::: EXERCISE INPUT

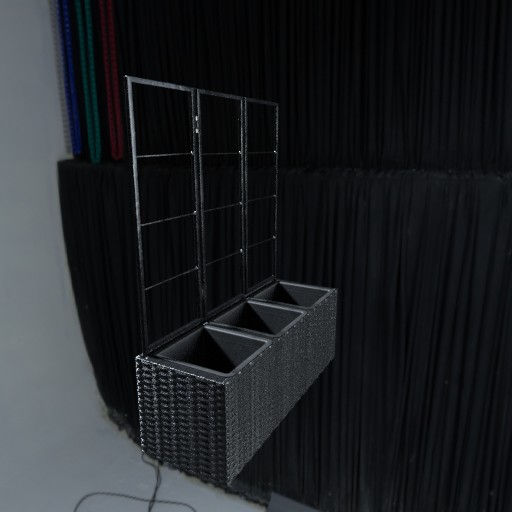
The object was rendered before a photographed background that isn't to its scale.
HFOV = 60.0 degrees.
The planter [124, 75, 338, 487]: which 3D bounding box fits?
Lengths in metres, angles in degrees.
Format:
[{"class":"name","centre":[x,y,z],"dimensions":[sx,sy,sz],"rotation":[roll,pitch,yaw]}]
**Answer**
[{"class":"planter","centre":[0.000,0.000,1.195],"dimensions":[0.244,0.841,0.698],"rotation":[8,16,28]}]
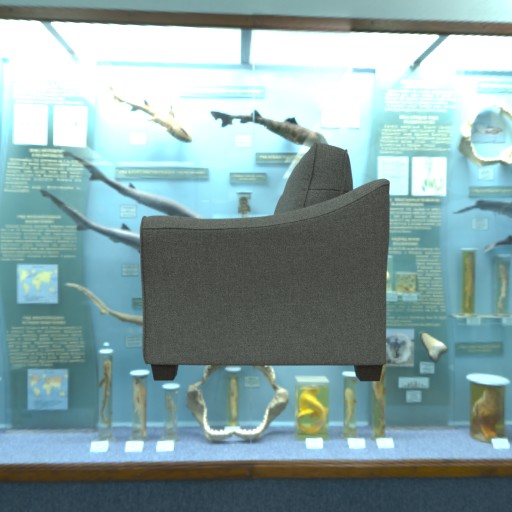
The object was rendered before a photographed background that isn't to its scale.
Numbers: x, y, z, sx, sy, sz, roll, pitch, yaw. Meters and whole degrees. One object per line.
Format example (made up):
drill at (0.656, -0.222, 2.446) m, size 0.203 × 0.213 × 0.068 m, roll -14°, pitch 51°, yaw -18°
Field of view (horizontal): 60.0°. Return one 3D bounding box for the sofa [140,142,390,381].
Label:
sofa at (0.000, 0.000, 2.749) m, size 1.013 × 0.976 × 2.203 m, roll 0°, pitch 0°, yaw 0°
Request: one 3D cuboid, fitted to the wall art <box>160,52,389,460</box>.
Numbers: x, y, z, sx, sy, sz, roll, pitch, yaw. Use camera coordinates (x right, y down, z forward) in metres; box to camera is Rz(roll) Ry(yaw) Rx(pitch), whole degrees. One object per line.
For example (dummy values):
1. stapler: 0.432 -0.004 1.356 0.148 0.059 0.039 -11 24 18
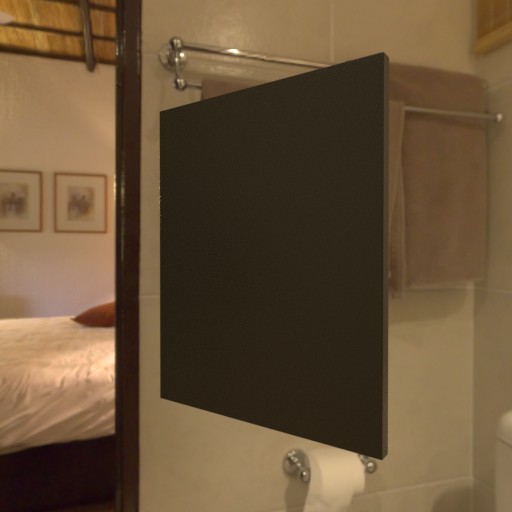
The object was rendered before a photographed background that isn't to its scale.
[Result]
1. wall art: 0.000 0.000 1.590 0.950 1.194 0.053 0 1 36
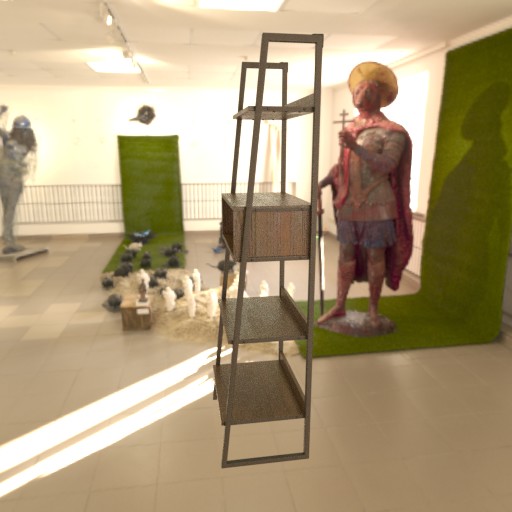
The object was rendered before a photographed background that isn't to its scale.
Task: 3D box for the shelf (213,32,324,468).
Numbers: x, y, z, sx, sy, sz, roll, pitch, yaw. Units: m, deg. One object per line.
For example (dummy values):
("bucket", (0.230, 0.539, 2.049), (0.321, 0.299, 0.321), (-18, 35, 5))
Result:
("shelf", (0.000, 0.000, 2.317), (0.454, 2.005, 0.652), (-2, 14, -9))
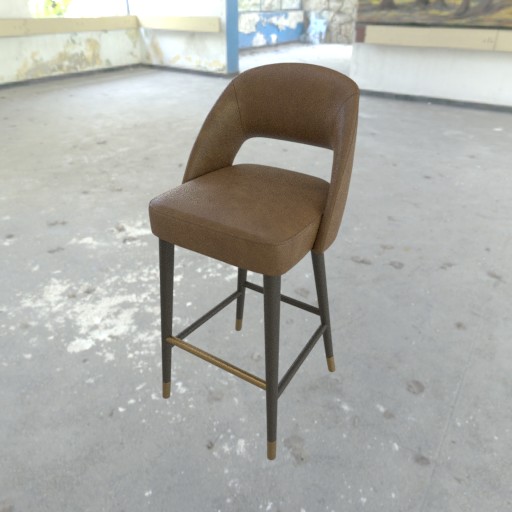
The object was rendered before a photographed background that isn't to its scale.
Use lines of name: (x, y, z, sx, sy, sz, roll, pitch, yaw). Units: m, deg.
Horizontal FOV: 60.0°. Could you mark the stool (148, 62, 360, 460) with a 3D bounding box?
stool: (0.000, 0.000, 1.351, 0.494, 1.037, 0.509, 18, 35, 28)
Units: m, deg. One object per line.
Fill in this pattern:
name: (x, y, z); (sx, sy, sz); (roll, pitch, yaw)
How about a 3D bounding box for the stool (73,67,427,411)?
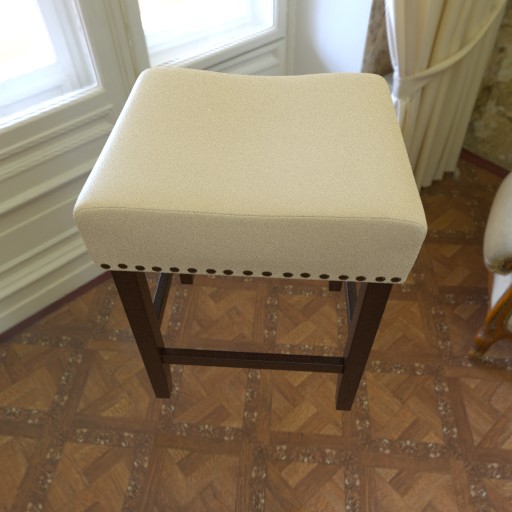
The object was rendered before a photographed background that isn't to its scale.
stool: (0.000, 0.000, 0.914); (0.471, 0.609, 0.401); (3, 48, 2)
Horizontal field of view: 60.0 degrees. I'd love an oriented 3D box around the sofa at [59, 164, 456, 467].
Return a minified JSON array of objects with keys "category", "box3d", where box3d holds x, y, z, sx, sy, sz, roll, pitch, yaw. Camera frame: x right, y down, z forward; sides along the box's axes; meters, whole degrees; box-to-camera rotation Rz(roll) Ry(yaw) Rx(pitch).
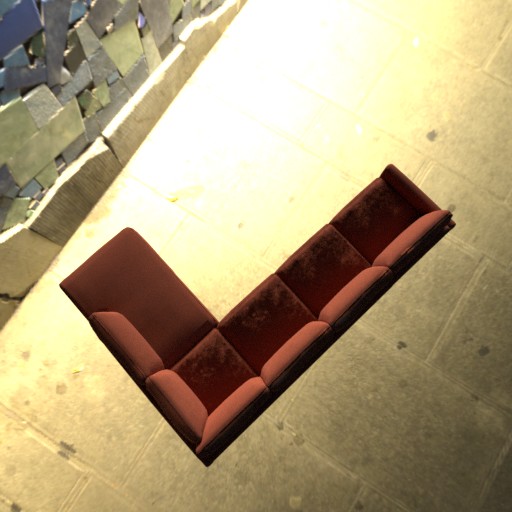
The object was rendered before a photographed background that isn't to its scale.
[{"category":"sofa","box3d":[0.000,0.000,3.687,2.736,0.757,1.879,-42,80,-9]}]
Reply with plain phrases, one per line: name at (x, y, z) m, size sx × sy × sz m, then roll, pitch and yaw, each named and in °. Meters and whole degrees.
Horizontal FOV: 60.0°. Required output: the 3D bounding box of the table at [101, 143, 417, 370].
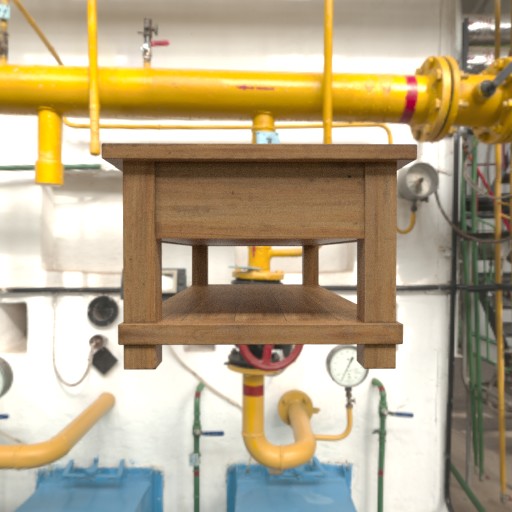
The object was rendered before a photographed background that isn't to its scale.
table at (0.000, 0.000, 1.585) m, size 0.693 × 0.494 × 1.270 m, roll 0°, pitch 0°, yaw -1°
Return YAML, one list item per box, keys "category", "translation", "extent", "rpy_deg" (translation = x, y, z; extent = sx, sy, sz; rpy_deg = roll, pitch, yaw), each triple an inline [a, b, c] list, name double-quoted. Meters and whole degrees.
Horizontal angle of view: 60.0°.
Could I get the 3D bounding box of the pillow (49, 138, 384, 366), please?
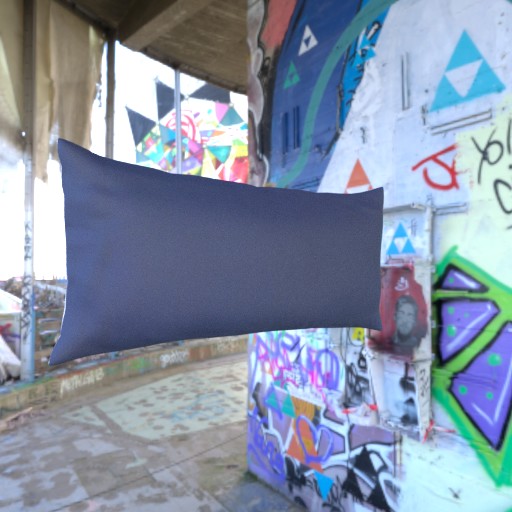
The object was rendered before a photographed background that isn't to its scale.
- category: "pillow"
  translation: [0.000, 0.000, 0.714]
  extent: [0.610, 0.287, 0.151]
  rpy_deg: [1, -2, -34]
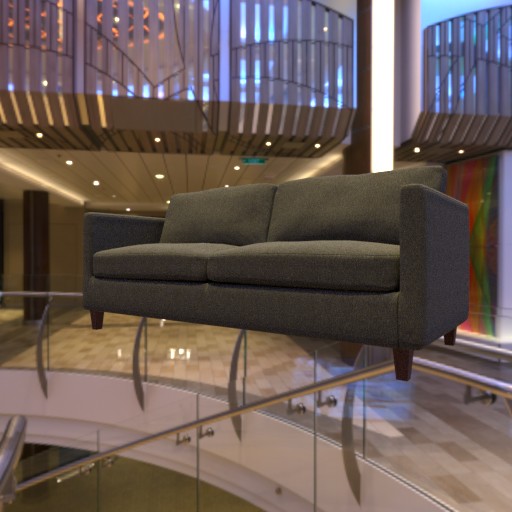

::::::

**REQUIRED WORK**. All entries must come back exactly as written, though without their pictures.

**EXPECTED OUTPUT**.
The object was rendered before a photographed background that isn't to its scale.
HFOV = 60.0 degrees.
The planter [124, 75, 338, 487]: which 3D bounding box fits?
Lengths in metres, angles in degrees.
Format:
[{"class":"name","centre":[x,y,z],"dimensions":[sx,sy,sz],"rotation":[roll,pitch,yaw]}]
**Answer**
[{"class":"planter","centre":[0.000,0.000,1.195],"dimensions":[0.244,0.841,0.698],"rotation":[8,16,28]}]
The object was rendered before a photographed background that isn't to its scale.
Numbers: x, y, z, sx, sy, sz, roll, pitch, yaw. Meters and whole degrees. One object per line.
Format example (made up):
drill at (0.656, -0.222, 2.446) m, size 0.203 × 0.213 × 0.068 m, roll -14°, pitch 51°, yaw -18°
Field of view (horizontal): 60.0°. Return one 3D bounding box for the sofa [140,142,390,381].
Label:
sofa at (0.000, 0.000, 2.749) m, size 1.013 × 0.976 × 2.203 m, roll 0°, pitch 0°, yaw 0°
Request: one 3D cuboid, fitted to the wall art <box>160,52,389,460</box>.
Numbers: x, y, z, sx, sy, sz, roll, pitch, yaw. Use camera coordinates (x right, y down, z forward) in metres; box to camera is Rz(roll) Ry(yaw) Rx(pitch), whole degrees. One object per line.
For example (dummy values):
1. stapler: 0.432 -0.004 1.356 0.148 0.059 0.039 -11 24 18
The object was rendered before a photographed background that isn't to its scale.
[Result]
1. wall art: 0.000 0.000 1.590 0.950 1.194 0.053 0 1 36
The object was rendered before a photographed background that isn't to its scale.
Task: 3D box for the shelf (213,32,324,468).
Numbers: x, y, z, sx, sy, sz, roll, pitch, yaw. Units: m, deg. One object per line.
For example (dummy values):
("bucket", (0.230, 0.539, 2.049), (0.321, 0.299, 0.321), (-18, 35, 5))
Result:
("shelf", (0.000, 0.000, 2.317), (0.454, 2.005, 0.652), (-2, 14, -9))
The object was rendered before a photographed background that isn't to its scale.
Use lines of name: (x, y, z, sx, sy, sz, roll, pitch, yaw). Units: m, deg.
Horizontal FOV: 60.0°. Could you mark the stool (148, 62, 360, 460) with a 3D bounding box?
stool: (0.000, 0.000, 1.351, 0.494, 1.037, 0.509, 18, 35, 28)
Units: m, deg. One object per line.
Fill in this pattern:
name: (x, y, z); (sx, sy, sz); (roll, pitch, yaw)
How about a 3D bounding box for the stool (73,67,427,411)?
The object was rendered before a photographed background that isn't to its scale.
stool: (0.000, 0.000, 0.914); (0.471, 0.609, 0.401); (3, 48, 2)
Horizontal field of view: 60.0 degrees. I'd love an oriented 3D box around the sofa at [59, 164, 456, 467].
Return a minified JSON array of objects with keys "category", "box3d", where box3d holds x, y, z, sx, sy, sz, roll, pitch, yaw. Camera frame: x right, y down, z forward; sides along the box's axes; meters, whole degrees; box-to-camera rotation Rz(roll) Ry(yaw) Rx(pitch).
The object was rendered before a photographed background that isn't to its scale.
[{"category":"sofa","box3d":[0.000,0.000,3.687,2.736,0.757,1.879,-42,80,-9]}]
Reply with plain phrases, one per line: name at (x, y, z) m, size sx × sy × sz m, then roll, pitch and yaw, each named and in °. Meters and whole degrees.
Horizontal FOV: 60.0°. Required output: the 3D bounding box of the table at [101, 143, 417, 370].
The object was rendered before a photographed background that isn't to its scale.
table at (0.000, 0.000, 1.585) m, size 0.693 × 0.494 × 1.270 m, roll 0°, pitch 0°, yaw -1°
Return YAML, one list item per box, keys "category", "translation", "extent", "rpy_deg" (translation = x, y, z; extent = sx, sy, sz; rpy_deg = roll, pitch, yaw), each triple an inline [a, b, c] list, name double-quoted. Meters and whole degrees.
Horizontal angle of view: 60.0°.
Could I get the 3D bounding box of the pillow (49, 138, 384, 366), please?
The object was rendered before a photographed background that isn't to its scale.
- category: "pillow"
  translation: [0.000, 0.000, 0.714]
  extent: [0.610, 0.287, 0.151]
  rpy_deg: [1, -2, -34]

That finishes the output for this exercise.